Frozen (the horror movie about ski lifts, not the Disney one) on a ski lift

the movie 'Frozen' playing on a cell phone screen. In the background is a ski lift

Photo by Jamie Lee Curtis Taete

2010's Frozen is a survival horror about three people who get trapped on a ski lift. I watched it on a ski lift in Southern California. The operators were kind enough to let me ride it up and down a few times so I could watch the whole thing.

My main concern, at least at first, was that people passing by on in the opposite direction might think I was watching porn. There is A LOT of moaning in this movie. The characters do it constantly, whether they're shimmying across lift cables or picking frostbite scabs off their face.

But as it got darker, my mind started to race. Suspended alone, on a mountain, in the dark, with no phone signal, I started mentally cycling through all the terrible things that could happen to me. The lift could collapse. Or reverse really fast like that one in Georgia. A bear or mountain lion could climb up one of the towers and pounce on me as I passed by. Someone could shoot me from below. The operator could stop the lift and leave me overnight to fuck with me, causing me to freeze to death (the lift actually did briefly stop at the exact moment the lift stops in the movie, which was spooky).
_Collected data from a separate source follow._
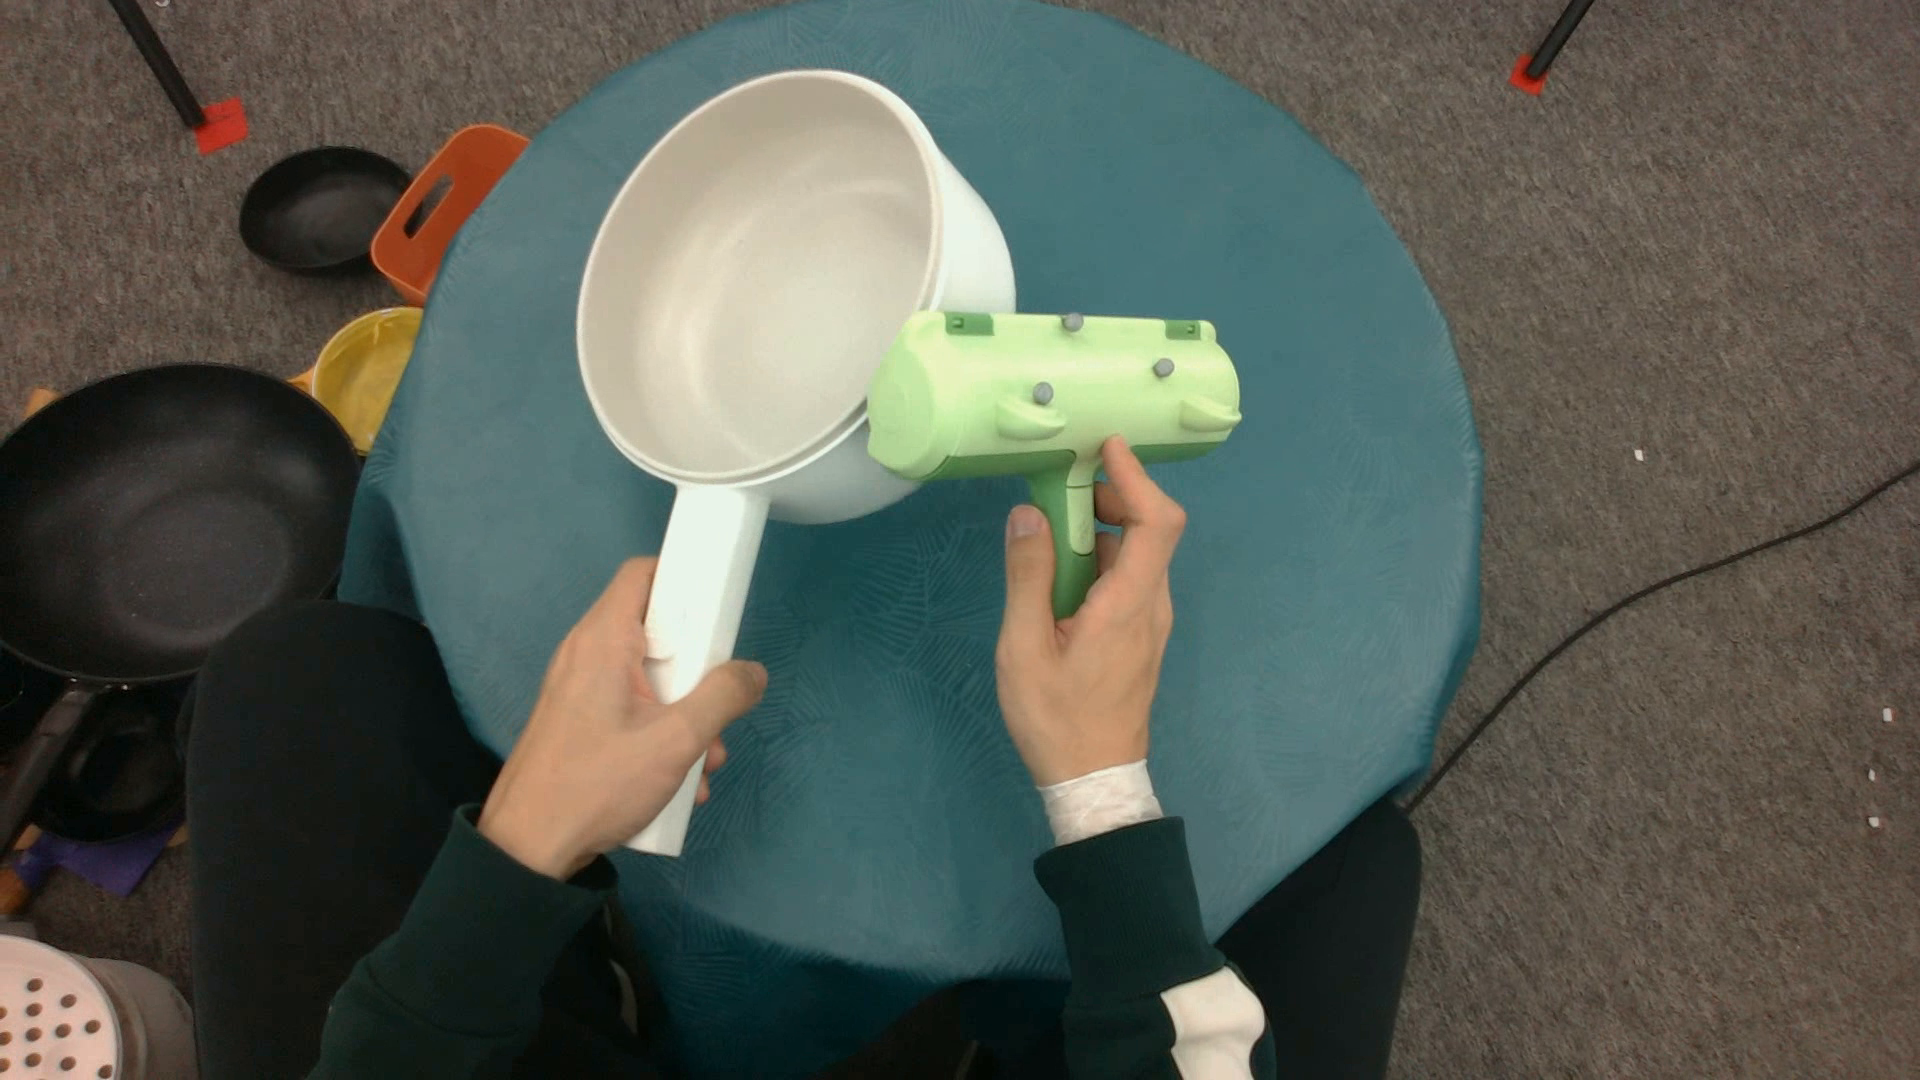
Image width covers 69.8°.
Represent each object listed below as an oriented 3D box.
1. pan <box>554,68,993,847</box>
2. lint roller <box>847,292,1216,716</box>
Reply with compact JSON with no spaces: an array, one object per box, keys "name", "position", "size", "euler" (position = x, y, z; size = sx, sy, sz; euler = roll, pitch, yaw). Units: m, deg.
[{"name":"pan","position":[-0.096,-0.037,0.644],"size":[0.201,0.102,0.355],"euler":[5,79,26]},{"name":"lint roller","position":[0.047,-0.014,0.597],"size":[0.199,0.082,0.183],"euler":[-8,92,-46]}]

But I'm not sure if the movie caused me to think any of those things. I am an extremely anxious person. I have zero waking moments per day where I'm not thinking about the worst possible things that could happen to me. Before I drove to the ski lift, I checked my back seat for the killer from Urban Legend. About two minutes before I typed this sentence I figured out my escape route from this office in case of an active shooter (for the millionth time).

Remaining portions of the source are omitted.